*** Opening Study material ***

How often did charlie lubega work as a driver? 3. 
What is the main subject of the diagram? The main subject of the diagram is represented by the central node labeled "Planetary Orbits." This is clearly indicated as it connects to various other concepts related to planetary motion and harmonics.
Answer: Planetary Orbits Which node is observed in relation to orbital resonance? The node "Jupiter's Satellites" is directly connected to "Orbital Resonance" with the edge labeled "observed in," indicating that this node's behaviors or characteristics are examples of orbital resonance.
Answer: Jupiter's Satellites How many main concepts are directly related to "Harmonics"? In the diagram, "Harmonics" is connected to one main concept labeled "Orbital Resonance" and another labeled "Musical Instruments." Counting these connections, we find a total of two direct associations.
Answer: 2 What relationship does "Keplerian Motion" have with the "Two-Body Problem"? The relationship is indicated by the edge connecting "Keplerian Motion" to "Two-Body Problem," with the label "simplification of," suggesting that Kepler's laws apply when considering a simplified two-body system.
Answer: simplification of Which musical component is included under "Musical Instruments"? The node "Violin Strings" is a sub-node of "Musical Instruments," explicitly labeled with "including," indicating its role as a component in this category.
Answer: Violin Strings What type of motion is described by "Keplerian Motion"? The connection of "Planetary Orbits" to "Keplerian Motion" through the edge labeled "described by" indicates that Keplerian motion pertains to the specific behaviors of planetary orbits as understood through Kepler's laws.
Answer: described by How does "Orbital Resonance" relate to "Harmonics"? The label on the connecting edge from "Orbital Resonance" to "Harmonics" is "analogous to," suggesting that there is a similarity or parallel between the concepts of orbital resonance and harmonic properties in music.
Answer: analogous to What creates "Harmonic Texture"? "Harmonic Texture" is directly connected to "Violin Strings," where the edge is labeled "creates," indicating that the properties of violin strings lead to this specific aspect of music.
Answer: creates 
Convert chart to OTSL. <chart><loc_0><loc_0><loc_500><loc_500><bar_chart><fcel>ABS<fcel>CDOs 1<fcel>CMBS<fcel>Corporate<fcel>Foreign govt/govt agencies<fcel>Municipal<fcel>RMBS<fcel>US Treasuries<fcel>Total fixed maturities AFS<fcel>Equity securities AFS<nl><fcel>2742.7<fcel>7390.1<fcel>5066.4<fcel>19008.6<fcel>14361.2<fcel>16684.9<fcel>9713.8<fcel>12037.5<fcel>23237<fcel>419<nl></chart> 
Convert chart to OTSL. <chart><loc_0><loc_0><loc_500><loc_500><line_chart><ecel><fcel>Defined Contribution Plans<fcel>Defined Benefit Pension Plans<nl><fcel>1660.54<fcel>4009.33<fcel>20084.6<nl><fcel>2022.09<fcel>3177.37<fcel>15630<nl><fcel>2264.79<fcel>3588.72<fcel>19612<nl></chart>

*** Closing Study material ***

**Action item**
Could you return, word for word, only the lines running from the first line of the material above to the line that contains "What is the", inclusive?

**Answer**
How often did charlie lubega work as a driver? 3. 
What is the main subject of the diagram? The main subject of the diagram is represented by the central node labeled "Planetary Orbits." This is clearly indicated as it connects to various other concepts related to planetary motion and harmonics.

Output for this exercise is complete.